A. A well-structured and accurate P&L will allow a business owner to 1. Calculate the potential corporation tax it will have to pay when due and allow them to plan accordingly to take steps to reduce this liability or put money aside to pay for it.
2. Identify which parts of the business are profitable and which are not, thus allowing a business owner to allocate resources more effectively. This will greatly assist in planning for the future growth of the business.
3. Identify a break-even point for the business to allow them to price their goods and services more accurately and in line with the market.
James Blacklaws JB Commercial Finance
Contributing experts
James Tarry Scottsdale Moneywise
James Blacklaws JB Commercial Finance
Wendy Tate Bean Counters
Margot Clarke Margot Clarke
Q. What should be included in a set of management accounts?
A. Management accounts help businesses to manage their finances and their operations effectively and make informed decisions leading to effective business growth. Like the statutory year end accounts, they include the Profit & Loss and the Balance Sheet. However the difference is that whilst the statutory accounts look back in time, management accounts look forwards into the future.
They’re typically prepared on a monthly/quarterly basis and include other reports such as budgets, forecasts and cashflow statements plus any key performance indicators that are pertinent to your business and sector. By comparing them month on month you can see if your business is growing in line with your expectations and react to any issues as and when they occur.
For some businesses it’s even appropriate to identify income and expenses according to the month in which they occur. For example, if you send a client an invoice in July for a job carried out in June you’d use management accounting to pull that invoice out of the July figures and show it in the June figures. This gives a true picture of the activity during that particular month and allows you to compare it with the same month in the previous year(s).
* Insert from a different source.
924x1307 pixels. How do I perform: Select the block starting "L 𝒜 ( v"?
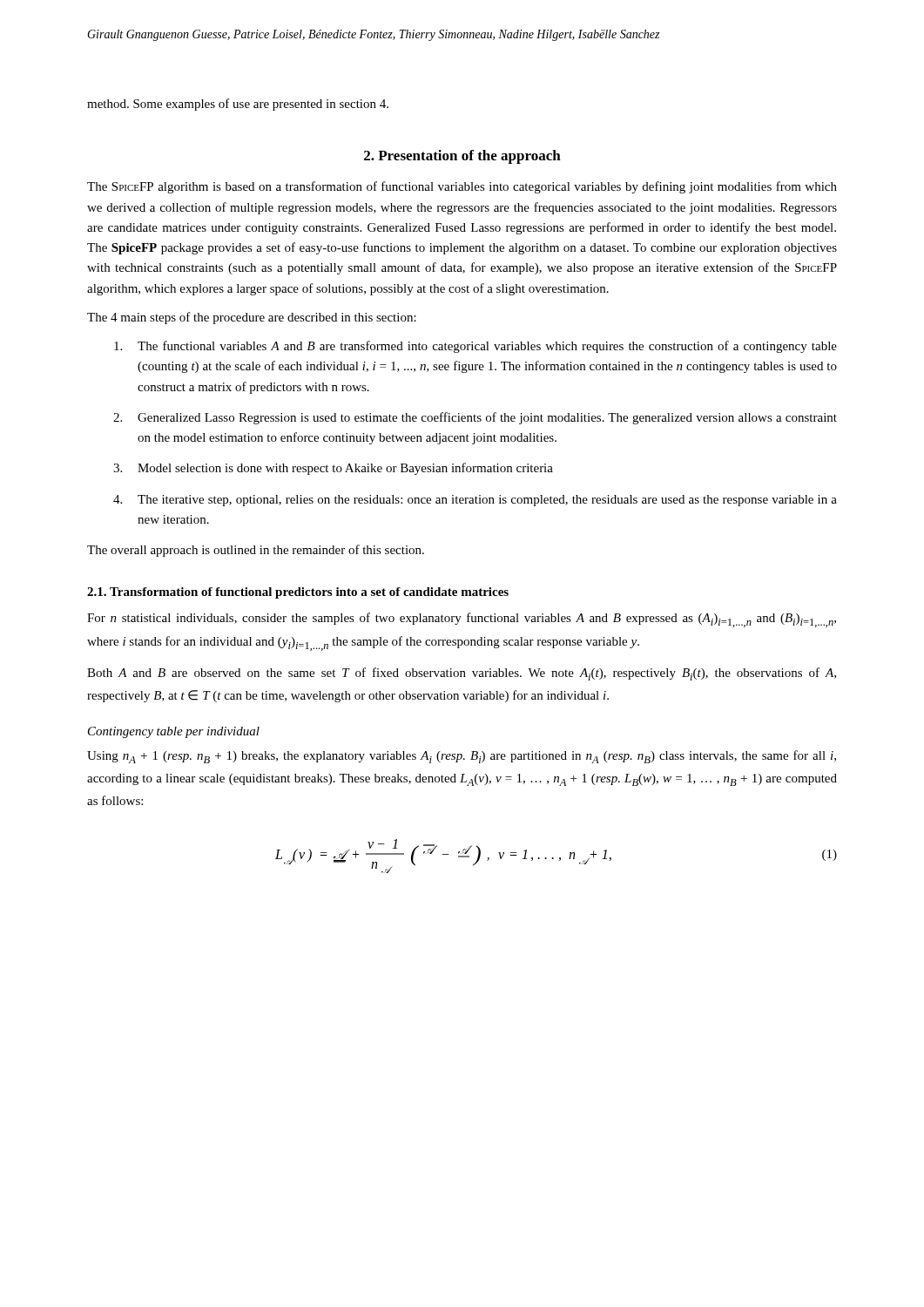click(x=556, y=854)
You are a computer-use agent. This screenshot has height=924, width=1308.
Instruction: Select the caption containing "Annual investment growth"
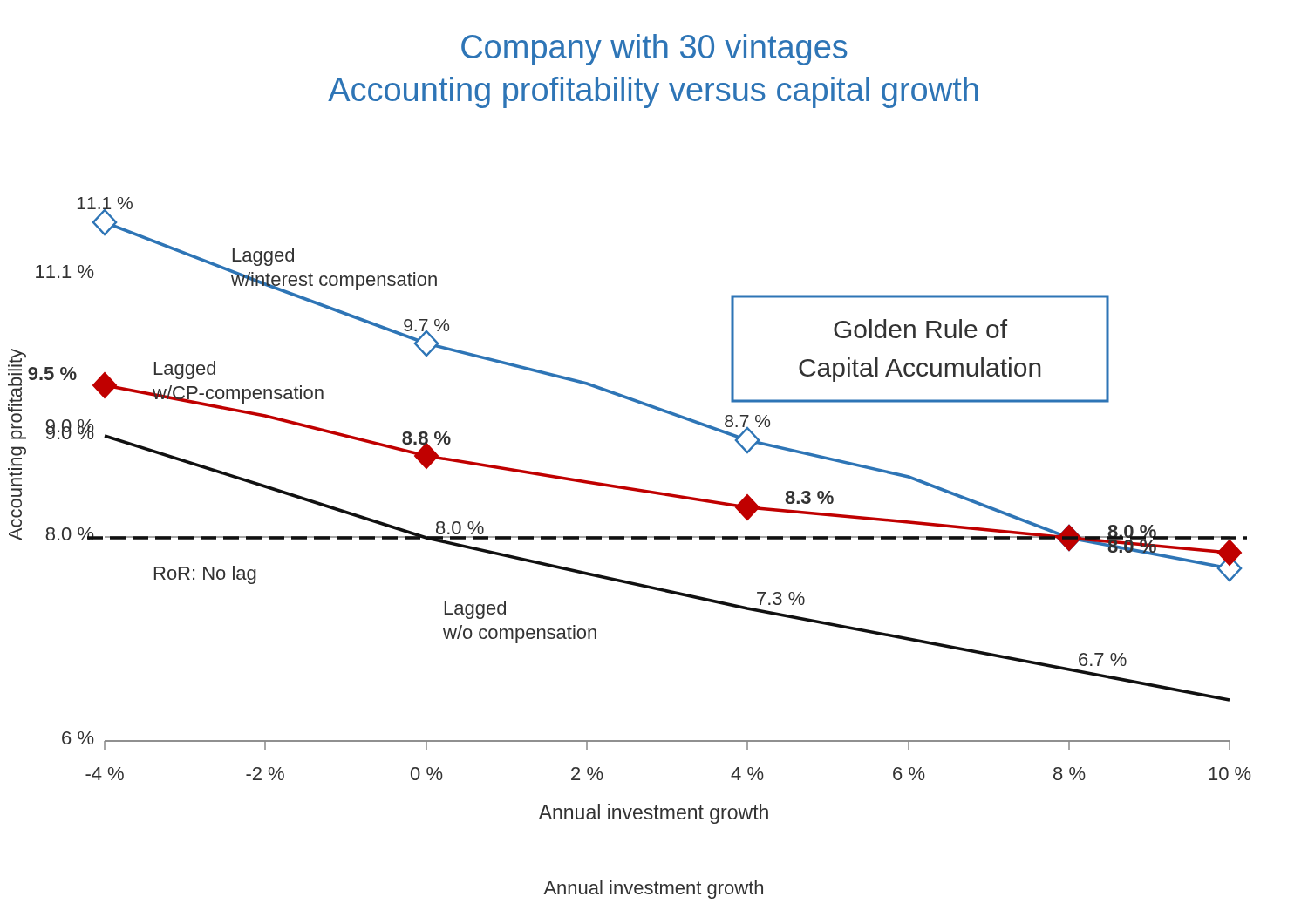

It’s vital for any business, serious about growth, to be looking at the management accounts on a monthly basis.
Margot Clarke Margot Clarke
Q. What business insurances should I have in place? What is essential and what is recommended?
A. It’s essential (and a legal requirement) for a business to have a comprehensive business insurance package depending on their individual requirements. these usually include buildings cover, contents cover, and Public Liabilities insurance.
It is also likely that business interruption insurance would be seen as an essential addition to any policy. I would always recommend a business owner covers themselves plus any essential employees/directors for critical illness cover, life insurance, and a form of income protection depending on their value to the business.
James Blacklaws JB Commercial Finance
A. Leaving aside the necessary general insurances (public liability, insurance of business assets etc) a good starting point is what protection have you given up in your move to self-employment? Larger employers offer sick pay schemes and death-in-service benefits, these can be obtained for less than you may think, especially ‘relevant life’ cover which is a business expense when paid via a limited company.
The pandemic should help a focus on health covers, not just sick pay (income protection) but also the less common private medical insurance, critical or serious illness cover. The loss of key employees can be covered by key person protection, and shareholder protection (which makes funds available to buy out a shareholder) should not be ignored.